* **Task directions**: Only one stretch of the listing below is wanted. Begin at the line that has "#39 cardboard box at [1897, 7, 1919, 84]", stop after the line that has "#58 cardboard box at [1490, 0, 1496, 6]", and repeat every line in between exactly.

* **Provided material**:
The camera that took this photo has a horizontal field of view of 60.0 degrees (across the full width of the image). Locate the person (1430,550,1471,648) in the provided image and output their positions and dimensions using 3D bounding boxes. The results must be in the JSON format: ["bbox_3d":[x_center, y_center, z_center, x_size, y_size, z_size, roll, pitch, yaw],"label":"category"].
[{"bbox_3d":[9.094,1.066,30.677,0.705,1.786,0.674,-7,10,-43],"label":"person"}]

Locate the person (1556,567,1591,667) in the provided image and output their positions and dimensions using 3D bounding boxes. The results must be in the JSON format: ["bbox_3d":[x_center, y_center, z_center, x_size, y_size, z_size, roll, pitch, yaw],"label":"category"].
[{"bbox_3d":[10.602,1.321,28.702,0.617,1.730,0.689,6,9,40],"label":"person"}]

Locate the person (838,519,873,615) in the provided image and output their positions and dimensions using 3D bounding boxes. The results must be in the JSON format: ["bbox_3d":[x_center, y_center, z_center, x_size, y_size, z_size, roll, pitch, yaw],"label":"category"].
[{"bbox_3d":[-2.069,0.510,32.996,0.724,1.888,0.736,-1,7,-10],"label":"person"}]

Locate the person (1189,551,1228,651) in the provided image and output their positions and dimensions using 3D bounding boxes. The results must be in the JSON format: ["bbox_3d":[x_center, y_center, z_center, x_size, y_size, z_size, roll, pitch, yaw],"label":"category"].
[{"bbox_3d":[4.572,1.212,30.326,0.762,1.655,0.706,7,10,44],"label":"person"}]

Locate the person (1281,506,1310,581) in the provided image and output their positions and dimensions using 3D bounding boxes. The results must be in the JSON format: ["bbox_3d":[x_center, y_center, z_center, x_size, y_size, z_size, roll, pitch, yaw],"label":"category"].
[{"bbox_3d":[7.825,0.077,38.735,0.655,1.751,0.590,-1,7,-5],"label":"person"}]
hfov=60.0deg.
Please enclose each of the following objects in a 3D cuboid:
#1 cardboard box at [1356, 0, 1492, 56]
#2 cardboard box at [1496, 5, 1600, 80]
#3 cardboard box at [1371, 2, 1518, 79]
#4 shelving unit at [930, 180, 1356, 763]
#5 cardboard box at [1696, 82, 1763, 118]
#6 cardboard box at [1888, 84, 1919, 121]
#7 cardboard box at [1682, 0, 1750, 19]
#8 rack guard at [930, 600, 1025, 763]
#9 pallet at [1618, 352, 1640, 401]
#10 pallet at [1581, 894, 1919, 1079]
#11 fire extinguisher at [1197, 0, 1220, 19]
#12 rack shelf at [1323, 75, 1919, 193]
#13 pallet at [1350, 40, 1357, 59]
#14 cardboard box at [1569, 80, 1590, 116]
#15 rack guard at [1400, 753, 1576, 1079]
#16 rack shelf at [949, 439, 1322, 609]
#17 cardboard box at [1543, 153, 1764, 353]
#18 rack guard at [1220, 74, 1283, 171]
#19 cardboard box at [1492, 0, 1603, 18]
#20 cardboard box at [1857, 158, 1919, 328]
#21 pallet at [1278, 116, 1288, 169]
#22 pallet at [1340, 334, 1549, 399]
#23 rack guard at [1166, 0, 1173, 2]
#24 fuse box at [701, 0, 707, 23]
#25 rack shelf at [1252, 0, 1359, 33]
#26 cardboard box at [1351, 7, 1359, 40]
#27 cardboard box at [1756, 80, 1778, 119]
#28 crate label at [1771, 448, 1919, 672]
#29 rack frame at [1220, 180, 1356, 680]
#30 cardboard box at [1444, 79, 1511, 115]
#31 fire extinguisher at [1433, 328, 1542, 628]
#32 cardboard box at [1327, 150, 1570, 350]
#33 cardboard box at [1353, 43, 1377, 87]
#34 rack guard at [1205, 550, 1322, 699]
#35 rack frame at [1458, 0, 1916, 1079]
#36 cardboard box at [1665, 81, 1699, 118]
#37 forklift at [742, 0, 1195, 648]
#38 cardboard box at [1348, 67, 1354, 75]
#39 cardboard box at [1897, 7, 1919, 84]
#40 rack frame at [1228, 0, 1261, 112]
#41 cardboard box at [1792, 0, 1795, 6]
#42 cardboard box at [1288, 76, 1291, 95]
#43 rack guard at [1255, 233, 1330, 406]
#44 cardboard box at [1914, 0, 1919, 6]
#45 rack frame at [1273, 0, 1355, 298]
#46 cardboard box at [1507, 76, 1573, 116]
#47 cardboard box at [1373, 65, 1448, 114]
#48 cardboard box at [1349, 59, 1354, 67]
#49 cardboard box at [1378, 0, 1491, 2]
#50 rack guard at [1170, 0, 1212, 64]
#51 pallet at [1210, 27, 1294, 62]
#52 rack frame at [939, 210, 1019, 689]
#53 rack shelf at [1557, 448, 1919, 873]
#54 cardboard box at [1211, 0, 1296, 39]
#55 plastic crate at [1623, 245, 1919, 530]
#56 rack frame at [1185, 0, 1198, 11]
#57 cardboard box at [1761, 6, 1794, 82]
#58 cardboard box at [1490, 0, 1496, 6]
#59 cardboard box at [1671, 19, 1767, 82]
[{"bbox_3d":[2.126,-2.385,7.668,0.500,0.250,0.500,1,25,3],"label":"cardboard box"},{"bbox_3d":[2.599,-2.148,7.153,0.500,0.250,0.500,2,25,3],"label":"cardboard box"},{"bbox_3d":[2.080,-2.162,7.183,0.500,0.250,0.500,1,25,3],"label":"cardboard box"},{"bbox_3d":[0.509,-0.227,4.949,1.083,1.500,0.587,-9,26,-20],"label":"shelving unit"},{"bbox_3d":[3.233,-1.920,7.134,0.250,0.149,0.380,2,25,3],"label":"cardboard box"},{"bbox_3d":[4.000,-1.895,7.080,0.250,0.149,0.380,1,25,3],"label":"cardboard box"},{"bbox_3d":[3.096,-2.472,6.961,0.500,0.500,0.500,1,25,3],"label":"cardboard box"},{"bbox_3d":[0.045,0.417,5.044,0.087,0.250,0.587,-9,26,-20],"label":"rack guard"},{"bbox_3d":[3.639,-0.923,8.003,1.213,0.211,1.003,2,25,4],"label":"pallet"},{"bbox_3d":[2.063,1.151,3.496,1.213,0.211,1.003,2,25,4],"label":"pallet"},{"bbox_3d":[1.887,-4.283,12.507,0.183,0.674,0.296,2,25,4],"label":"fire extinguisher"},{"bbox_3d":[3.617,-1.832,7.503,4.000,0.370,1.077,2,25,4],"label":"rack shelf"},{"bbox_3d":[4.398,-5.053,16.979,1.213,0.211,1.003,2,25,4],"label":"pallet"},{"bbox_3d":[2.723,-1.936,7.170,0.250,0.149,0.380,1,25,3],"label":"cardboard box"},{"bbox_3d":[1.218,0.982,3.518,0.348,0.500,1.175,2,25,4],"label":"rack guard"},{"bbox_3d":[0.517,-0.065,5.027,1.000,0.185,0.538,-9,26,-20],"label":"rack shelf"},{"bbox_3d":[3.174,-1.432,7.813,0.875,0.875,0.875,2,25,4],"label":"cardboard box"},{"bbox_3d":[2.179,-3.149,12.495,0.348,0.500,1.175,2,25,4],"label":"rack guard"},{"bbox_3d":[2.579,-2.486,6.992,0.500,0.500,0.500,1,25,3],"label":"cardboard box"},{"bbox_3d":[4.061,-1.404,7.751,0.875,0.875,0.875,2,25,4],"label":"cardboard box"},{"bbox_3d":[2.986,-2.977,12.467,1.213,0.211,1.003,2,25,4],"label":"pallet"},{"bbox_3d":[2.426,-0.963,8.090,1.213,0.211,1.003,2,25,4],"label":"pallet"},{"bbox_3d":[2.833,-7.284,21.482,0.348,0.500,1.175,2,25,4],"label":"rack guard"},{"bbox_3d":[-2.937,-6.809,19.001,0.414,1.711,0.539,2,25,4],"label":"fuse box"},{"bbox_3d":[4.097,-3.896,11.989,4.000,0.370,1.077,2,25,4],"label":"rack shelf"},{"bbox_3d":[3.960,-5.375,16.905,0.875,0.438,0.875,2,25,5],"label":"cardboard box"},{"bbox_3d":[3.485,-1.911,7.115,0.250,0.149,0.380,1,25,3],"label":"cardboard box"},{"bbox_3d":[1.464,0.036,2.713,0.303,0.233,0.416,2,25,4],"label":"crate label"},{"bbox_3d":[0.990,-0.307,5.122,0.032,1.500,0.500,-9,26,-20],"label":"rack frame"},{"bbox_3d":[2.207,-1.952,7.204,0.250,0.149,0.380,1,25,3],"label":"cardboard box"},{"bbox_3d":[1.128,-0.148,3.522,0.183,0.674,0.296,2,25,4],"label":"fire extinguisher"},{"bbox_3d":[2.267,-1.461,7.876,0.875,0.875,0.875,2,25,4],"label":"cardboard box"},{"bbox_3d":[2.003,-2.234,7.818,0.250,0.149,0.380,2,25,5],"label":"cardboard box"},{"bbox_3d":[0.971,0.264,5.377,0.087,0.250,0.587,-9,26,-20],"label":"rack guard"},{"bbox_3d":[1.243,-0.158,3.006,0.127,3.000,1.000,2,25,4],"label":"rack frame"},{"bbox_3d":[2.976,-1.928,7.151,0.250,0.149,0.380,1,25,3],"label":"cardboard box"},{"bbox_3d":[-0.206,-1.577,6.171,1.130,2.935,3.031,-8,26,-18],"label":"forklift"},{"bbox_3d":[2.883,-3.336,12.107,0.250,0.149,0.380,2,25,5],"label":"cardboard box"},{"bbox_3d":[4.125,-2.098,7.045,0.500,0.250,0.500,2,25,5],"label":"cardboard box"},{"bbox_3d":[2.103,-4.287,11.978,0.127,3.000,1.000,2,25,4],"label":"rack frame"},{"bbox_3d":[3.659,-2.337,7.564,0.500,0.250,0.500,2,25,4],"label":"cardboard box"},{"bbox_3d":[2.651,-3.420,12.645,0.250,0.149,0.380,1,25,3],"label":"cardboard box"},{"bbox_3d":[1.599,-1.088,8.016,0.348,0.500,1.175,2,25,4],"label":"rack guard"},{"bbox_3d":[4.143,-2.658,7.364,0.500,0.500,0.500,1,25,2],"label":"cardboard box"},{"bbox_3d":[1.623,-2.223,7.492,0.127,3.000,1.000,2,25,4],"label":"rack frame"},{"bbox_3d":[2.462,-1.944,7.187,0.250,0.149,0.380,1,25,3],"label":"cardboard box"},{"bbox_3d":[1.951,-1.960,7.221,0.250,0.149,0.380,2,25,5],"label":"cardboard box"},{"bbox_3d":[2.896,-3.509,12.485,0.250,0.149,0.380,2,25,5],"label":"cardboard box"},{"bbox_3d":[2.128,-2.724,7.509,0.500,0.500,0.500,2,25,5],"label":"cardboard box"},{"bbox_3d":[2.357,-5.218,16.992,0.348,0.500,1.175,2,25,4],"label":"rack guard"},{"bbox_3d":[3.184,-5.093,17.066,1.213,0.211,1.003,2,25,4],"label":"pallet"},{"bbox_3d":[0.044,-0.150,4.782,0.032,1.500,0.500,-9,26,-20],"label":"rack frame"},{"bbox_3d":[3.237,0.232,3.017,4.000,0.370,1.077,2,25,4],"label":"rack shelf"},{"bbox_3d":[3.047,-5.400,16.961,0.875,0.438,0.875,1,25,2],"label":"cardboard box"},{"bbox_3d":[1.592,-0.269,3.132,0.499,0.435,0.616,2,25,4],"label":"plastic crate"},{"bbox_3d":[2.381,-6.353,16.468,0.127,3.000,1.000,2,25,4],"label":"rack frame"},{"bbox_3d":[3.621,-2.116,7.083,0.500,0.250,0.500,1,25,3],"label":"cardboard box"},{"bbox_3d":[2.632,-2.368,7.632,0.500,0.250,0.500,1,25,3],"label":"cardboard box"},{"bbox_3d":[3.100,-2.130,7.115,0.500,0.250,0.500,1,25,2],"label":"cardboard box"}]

* **Reply to the task**:
#39 cardboard box at [1897, 7, 1919, 84]
#40 rack frame at [1228, 0, 1261, 112]
#41 cardboard box at [1792, 0, 1795, 6]
#42 cardboard box at [1288, 76, 1291, 95]
#43 rack guard at [1255, 233, 1330, 406]
#44 cardboard box at [1914, 0, 1919, 6]
#45 rack frame at [1273, 0, 1355, 298]
#46 cardboard box at [1507, 76, 1573, 116]
#47 cardboard box at [1373, 65, 1448, 114]
#48 cardboard box at [1349, 59, 1354, 67]
#49 cardboard box at [1378, 0, 1491, 2]
#50 rack guard at [1170, 0, 1212, 64]
#51 pallet at [1210, 27, 1294, 62]
#52 rack frame at [939, 210, 1019, 689]
#53 rack shelf at [1557, 448, 1919, 873]
#54 cardboard box at [1211, 0, 1296, 39]
#55 plastic crate at [1623, 245, 1919, 530]
#56 rack frame at [1185, 0, 1198, 11]
#57 cardboard box at [1761, 6, 1794, 82]
#58 cardboard box at [1490, 0, 1496, 6]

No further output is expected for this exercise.